Prepare the aorta for aortic anastomosis by removal of the surrounding tissue. Perform recipient hepatectomy by placing in a traumatic vascular clamp on the portal vein and sever the portal vein close to the liver parenchyma followed by the infrahepatic vena cava. Place an atraumatic vascular clamp on the suprahepatic vena cava including the surrounding diaphragm while caudally retracting the liver and sever the vessel close to the liver parenchyma.

Remove the recipient liver from the abdominal cavity. Place the donor liver into the abdominal cavity and shorten the donor or recipient suprahepatic vena cava inferior to an adequate length while avoiding kinking or too much tension on the anastomosis. Place a single 5-0 monofilament suture as a supporting thread adapting the right corner of the donor and recipient supra hepatic vena cavae inferior.

Begin the dorsal side of the anastomosis from the left corner of the vessels with a 5-0 monofilament double-armed running suture. Remove the supporting thread when reaching the right corner and secure the running suture with a clamp, then continue with the ventral side of the anastomosis, again, beginning from the left corner of the vessels. After completing the ventral side of the anastomosis, tighten the suture with multiple knots without constricting the vessel diameter to avoid stenosis.

Perform a vascular anastomosis of the donor and recipient portal vein as demonstrated earlier using a 6-0 monofilament double-armed suture. Begin the portal venous reperfusion by removing the vascular clamp, occluding the recipient portal vein and occlude the donor infrahepatic vena cava inferior with a vascular clamp after draining approximately 200 to 400 milliliters of blood. Slowly remove the vascular clamp occluding the recipient supra hepatic vena cava inferior and search for active bleeding.

Shorten the donor and/or recipient infrahepatic vena cava inferior. then perform a vascular anastomosis of the donor and recipient infrahepatic vena cavae inferior. After clamping the abdominal aorta and making an incision to fit the patch, begin the aortic anastomosis with a 6-0 monofilament double-armed running suture at the cranial corner of the incision or patch.

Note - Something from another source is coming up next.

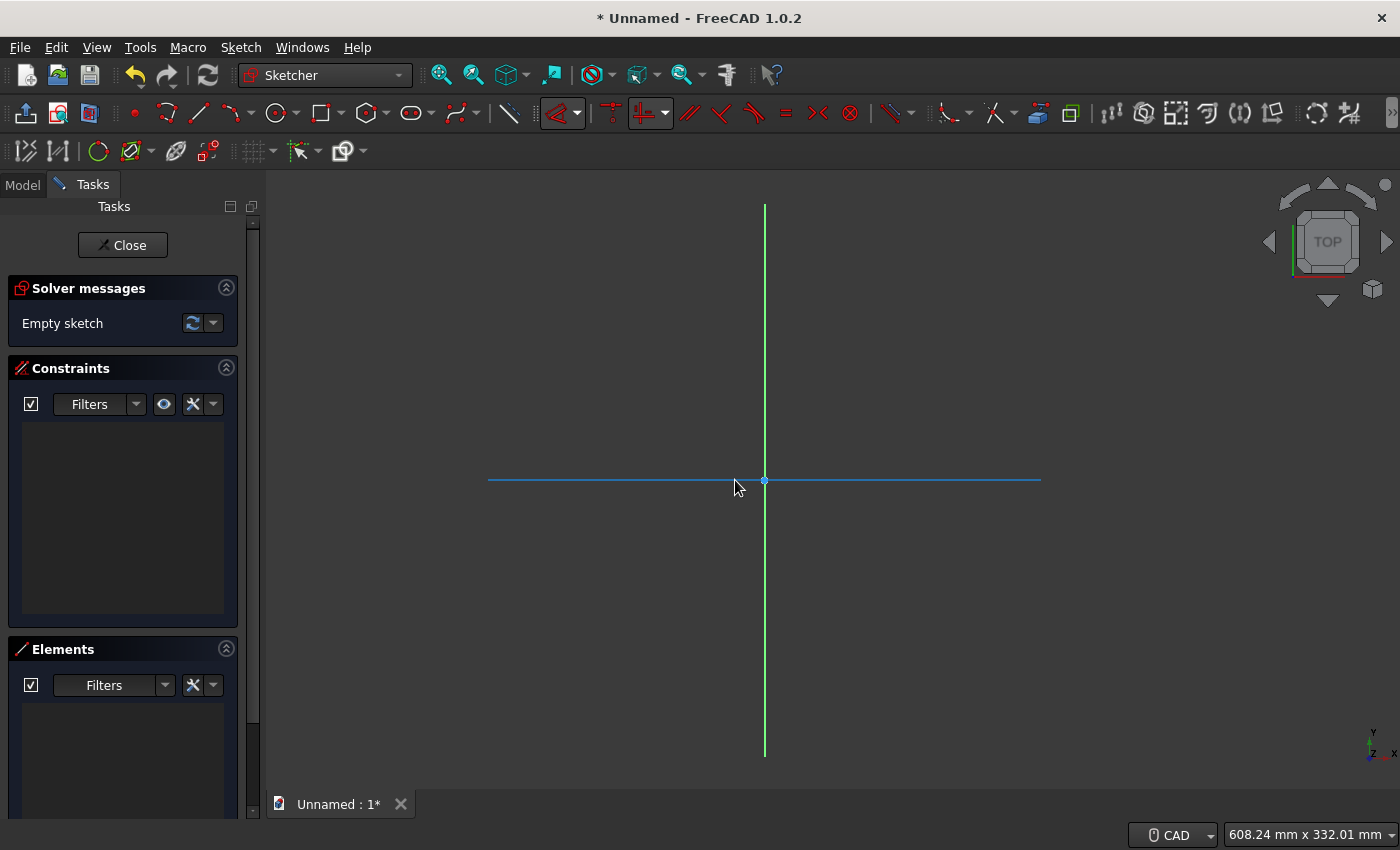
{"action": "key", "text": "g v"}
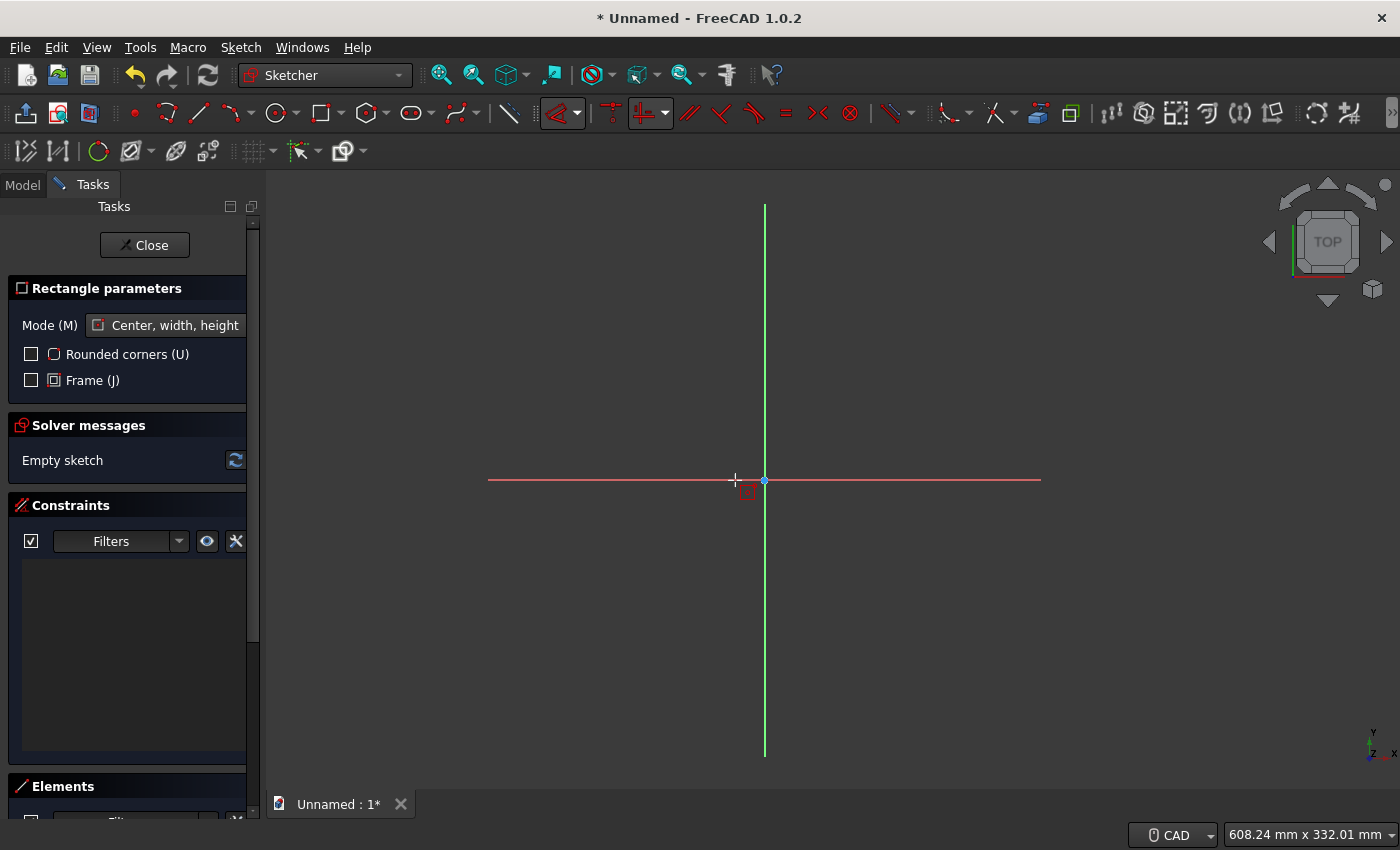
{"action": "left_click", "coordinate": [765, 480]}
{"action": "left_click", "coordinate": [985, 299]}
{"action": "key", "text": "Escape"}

When reaching the caudal corner, secure the running suture with a clamp and complete the anastomosis again beginning at the cranial corner. Tighten the suture with multiple knots and slowly remove the vascular clamp after checking all vascular anastomoses. Place a catheter in the common bile duct and secure it with a single ligature.

Close the abdomen temporarily by adapting the muscular fascia and the skin with a running suture and cover the abdomen with clinging film or drapes to avoid thermal loss. The mean operation time was 103.50 minutes including a mean and hepatic phase of 27.13 minutes. Only two recipients underwent an anhepatic phase of more than 30 minutes while all recipients showed declining lactate serum concentrations 4 hours after portal venous reperfusion.

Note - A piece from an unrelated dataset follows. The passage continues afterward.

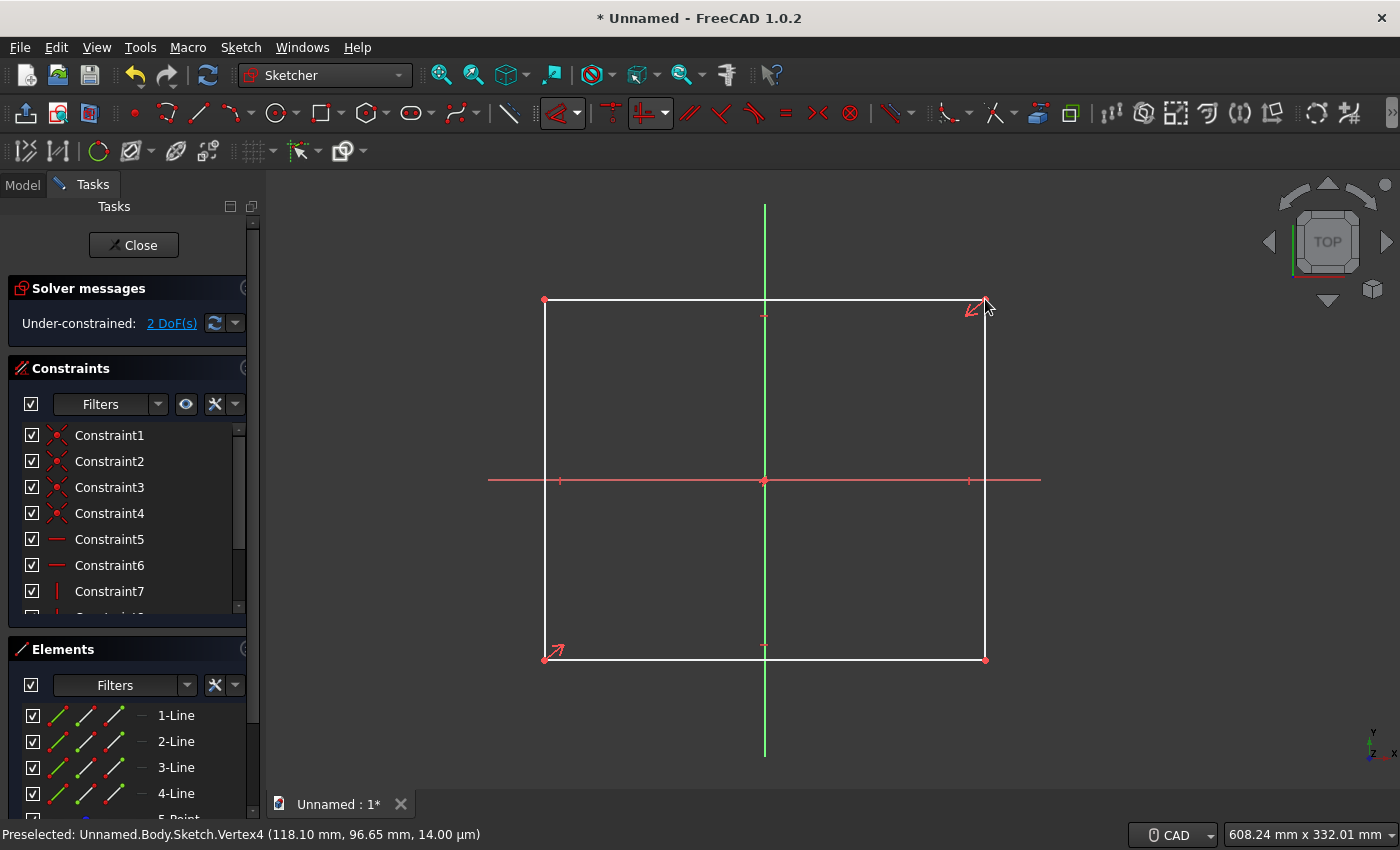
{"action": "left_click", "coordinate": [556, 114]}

Recipients required increased concentrations of norepinephrine immediately before and throughout the anhepatic phase to stabilize the mean arterial pressure at 60 millimeters of mercury or higher. Low epinephrine concentrations were simultaneously used to increase cardiac output in this vulnerable time period. After engraftment, the mean arterial pressure and required doses of vasopressors remained stable.

The LiMAx values obtained 6 hours after portal venous reperfusion were comparable to the values measured in the liver donors before organ procurement in all but one recipient with an anhepatic phase of 34 minutes. This model can be of special interest as a readout for workups focusing on mechanisms of ischemia and reperfusion injury and the reconditioning of extended criteria donor organs.